There's a worsening trend for younger generations of Japanese, especially junior and senior high school students, to shy away from studying math and science. What might be done to reverse this tendency?
I know what I'd like to see done, but I don't know how realistic it is to expect that it will. That is when teaching math and science, to instill in students a perception that increasing their knowledge can in itself be fun while allowing them to enjoy with others a wider view of the world. Rather than over-focusing on students answering questions based on laws of science and mathematics, what's needed is to arouse their interest in making new discoveries.
From your research on the origin of the universe, I feel a strong sense of passion. Do you consider yourself to be a romantic?

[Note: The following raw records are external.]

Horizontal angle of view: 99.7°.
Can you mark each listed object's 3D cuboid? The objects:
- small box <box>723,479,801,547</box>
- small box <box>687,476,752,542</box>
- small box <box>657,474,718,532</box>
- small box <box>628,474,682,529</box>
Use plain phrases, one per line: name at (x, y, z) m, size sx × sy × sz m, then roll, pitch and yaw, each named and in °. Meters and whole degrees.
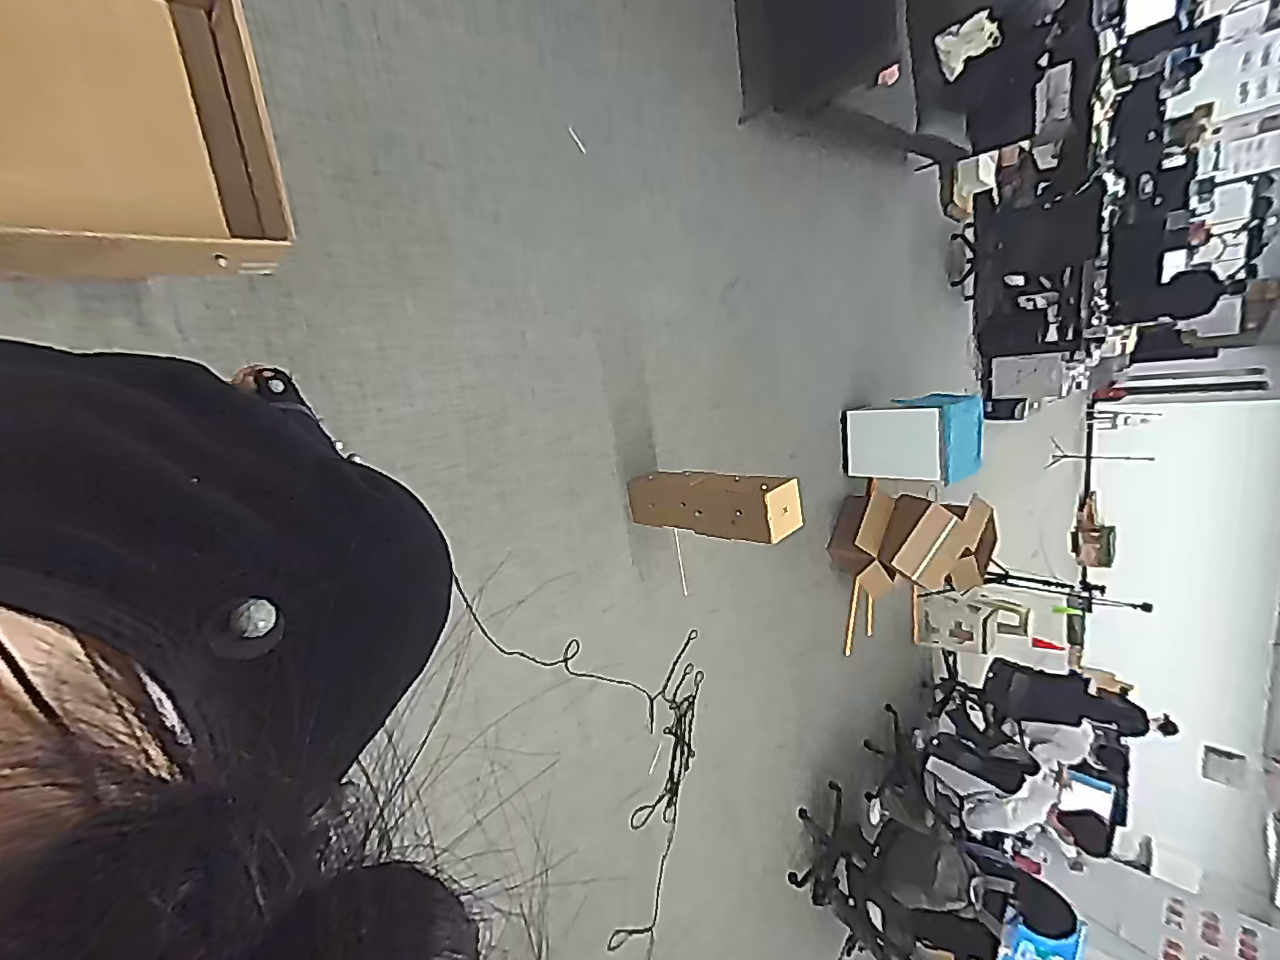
small box at (0.391, 0.098, 1.731) m, size 0.179 × 0.176 × 0.168 m, roll -22°, pitch 107°, yaw -39°
small box at (0.283, 0.094, 1.853) m, size 0.168 × 0.176 × 0.179 m, roll -23°, pitch 109°, yaw -40°
small box at (0.181, 0.077, 1.981) m, size 0.168 × 0.176 × 0.179 m, roll -20°, pitch 106°, yaw -40°
small box at (0.070, 0.079, 2.102) m, size 0.168 × 0.176 × 0.179 m, roll -20°, pitch 107°, yaw -41°
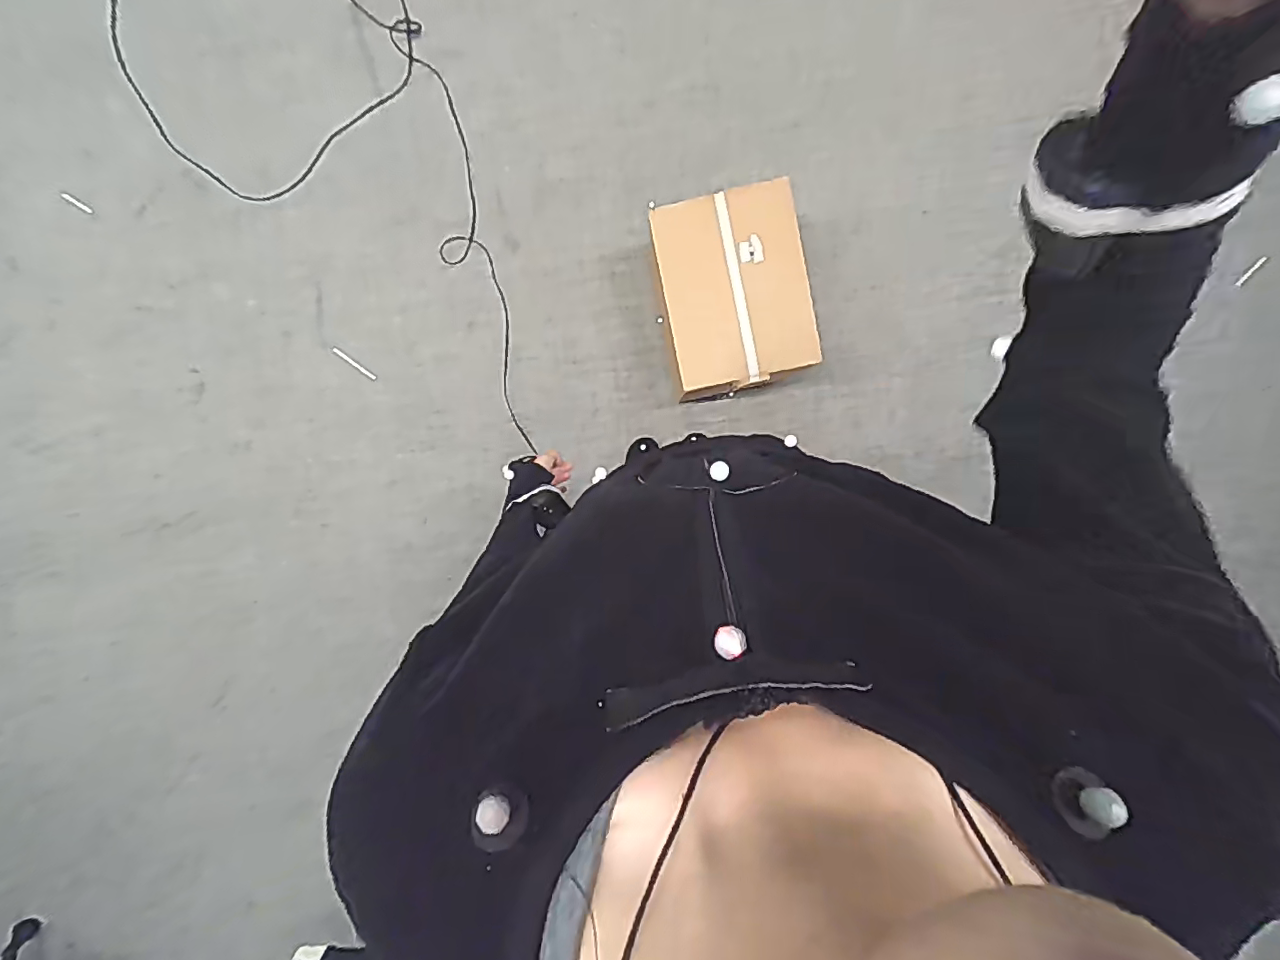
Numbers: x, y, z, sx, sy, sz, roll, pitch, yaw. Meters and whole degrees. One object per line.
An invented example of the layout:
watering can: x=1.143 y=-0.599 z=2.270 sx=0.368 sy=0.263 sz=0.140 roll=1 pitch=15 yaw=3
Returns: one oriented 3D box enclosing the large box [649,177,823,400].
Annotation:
large box: x=0.219 y=-0.436 z=1.326 sx=0.320 sy=0.320 sz=0.408 roll=-12 pitch=92 yaw=3

No, not a romantic, but a realist. Being able to make liberal use of my imagination in devising theories is fun, but what I really enjoy most is the process of proving those theories by bouncing them against reality.
As my last question, what changes have you experienced as a result of winning the Nobel Prize?
Well, for one thing I'm swamped with requests to give lectures and speeches. Above all else, receiving the Prize has made me very busy.